Oddly enough, I am “friended” up on a certain social network site. Which is nice - I actually probably know more people than I ever have and probably interact with more folks than I have in many years. But that deep level of friendship, those hours of conversations, those shared experiences and stories – all lacking at the moment.

A fair amount involves me, I am sure. Just with work and family, I have become as inaccessible as I may have ever been, which matters for friendship. And I certainly respect (now more than ever) the boundaries of others with their families and their work and their own lives. But the margins seem increasingly thin looking forward.


I would like to say I believe this will change but I am unsure how, given that I do not see the catalyst for that change: I will continue to work where I work and have the hours that I have and have the family I have with things wedged in at the edges. Given that, where does such a thing pop up?

Thursday, December 01, 2016

On The Breaking Apart Of Things

Sometimes I believe we miss the moment of inflection, when things begin to break apart.

I suspect this is because we largely do not want to see such things.  We are, on the whole, a species that likes to see things going well, not going poorly.  And society certainly does not prepare us for such things:  we learn very well how to fall in love and be a team mate and to "come together".  We are not very well prepared for how things end and what signs to look for.

An example at this point might be helpful.

Way back in the yonder years (before this blog, even) I had a friendship that I had held - a close friendship - for over 10 years.  This was the sort of person I spent a lot of time talking with and doing things with, walking miles and miles in conversation and dreaming.  The sort of person that you envision one calls "brother", that one holds as a "friend for life".

But something changed.  Our lives were beginning to move in different directions.  I could feel the beginning of the pulling away, but saw it purely through a career lens:  he was going one way towards what I believed to be a success, but which would cause our friendship to dwindle.  I did not want to lose the opportunity - or the friendship - and so The Firm was born.

Fast forward 16 months.  The Firm collapsed.  In what seems like a sudden development, the friendship collapsed in a timely fashion along with it:  within 4 months we never meet again, within 8 months we never communicate again (to this day, actually).  When I look back, I suddenly realize that The Firm (besides being a business) was a way - perhaps only for me - to breathe life into something that was passing on.  It merely prolonged its life for a while but did not stop the process from occurring.
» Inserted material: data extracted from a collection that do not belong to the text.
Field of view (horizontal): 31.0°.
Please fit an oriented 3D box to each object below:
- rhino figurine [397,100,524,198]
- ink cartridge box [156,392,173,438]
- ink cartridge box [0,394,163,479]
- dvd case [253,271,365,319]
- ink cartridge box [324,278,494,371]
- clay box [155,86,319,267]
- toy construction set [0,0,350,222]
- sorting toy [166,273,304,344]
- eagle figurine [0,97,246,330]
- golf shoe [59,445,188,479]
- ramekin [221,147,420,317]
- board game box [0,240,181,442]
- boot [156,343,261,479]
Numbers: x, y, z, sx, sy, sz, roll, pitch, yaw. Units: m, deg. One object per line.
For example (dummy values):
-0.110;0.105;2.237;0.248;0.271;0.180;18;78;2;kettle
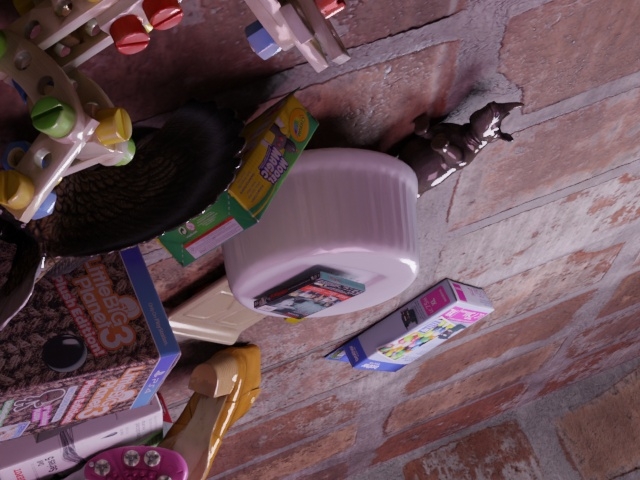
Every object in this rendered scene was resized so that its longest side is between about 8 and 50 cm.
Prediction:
0.169;-0.127;1.572;0.243;0.073;0.106;-30;151;20;rhino figurine
-0.357;0.374;2.077;0.176;0.128;0.127;-13;155;-25;ink cartridge box
-0.404;0.308;1.895;0.273;0.114;0.198;-19;158;-15;ink cartridge box
-0.014;0.072;1.482;0.119;0.013;0.087;-27;150;36;dvd case
0.179;0.188;2.315;0.311;0.065;0.186;-33;156;23;ink cartridge box
-0.083;-0.076;1.271;0.127;0.053;0.222;-30;-160;38;clay box
-0.146;-0.170;0.957;0.328;0.215;0.151;-25;159;0;toy construction set
-0.089;0.085;1.836;0.229;0.041;0.307;-37;156;17;sorting toy
-0.242;-0.046;1.184;0.298;0.226;0.225;-3;129;-33;eagle figurine
-0.362;0.414;1.907;0.306;0.115;0.140;-18;170;0;golf shoe
0.000;0.000;1.509;0.277;0.135;0.277;-7;157;-3;ramekin
-0.345;0.090;1.312;0.291;0.232;0.141;-11;154;-32;board game box
-0.184;0.325;1.996;0.211;0.104;0.295;-2;113;-69;boot

The difficulty is that I saw the thing 16 months prior.  I sensed that something was changing - but put it up to the fact that my friend was moving into a career field and was going to be a success and I was going to miss it (he has become a success, a very good one, for which I am glad).  The reality is that things were changing and we were moving in different directions - but I had never really been taught or trained myself to recognize the difference between a breaking apart and a mere divergence of career paths.

I have become better attuned since then, I think.  Early on it was mostly through mistakes on my part, misjudgments, a certain "tone deafness" to what people were actually saying.  I believe I have become better recognizing such things as they occur now and am hopefully a little better  about managing my own part in the matter.

The problem, of course, is that you come to see the signs in places where you either did not expect or not intend.  You know the drill from that point, at least for yourself - although curiously you find yourself in the position of wondering if the others see the same sort of thing or are chalking it up to a passing phase or career change or something other than what it is.

I wonder, on occasion, what would have happened if I had recognized the signs on that February night and, knowing then what I know now, had been willing to step aside.  Beyond just the issues of a failed business and failed friendships:  how would I personally be different now if I was willing to accept that things break apart and simply moved on?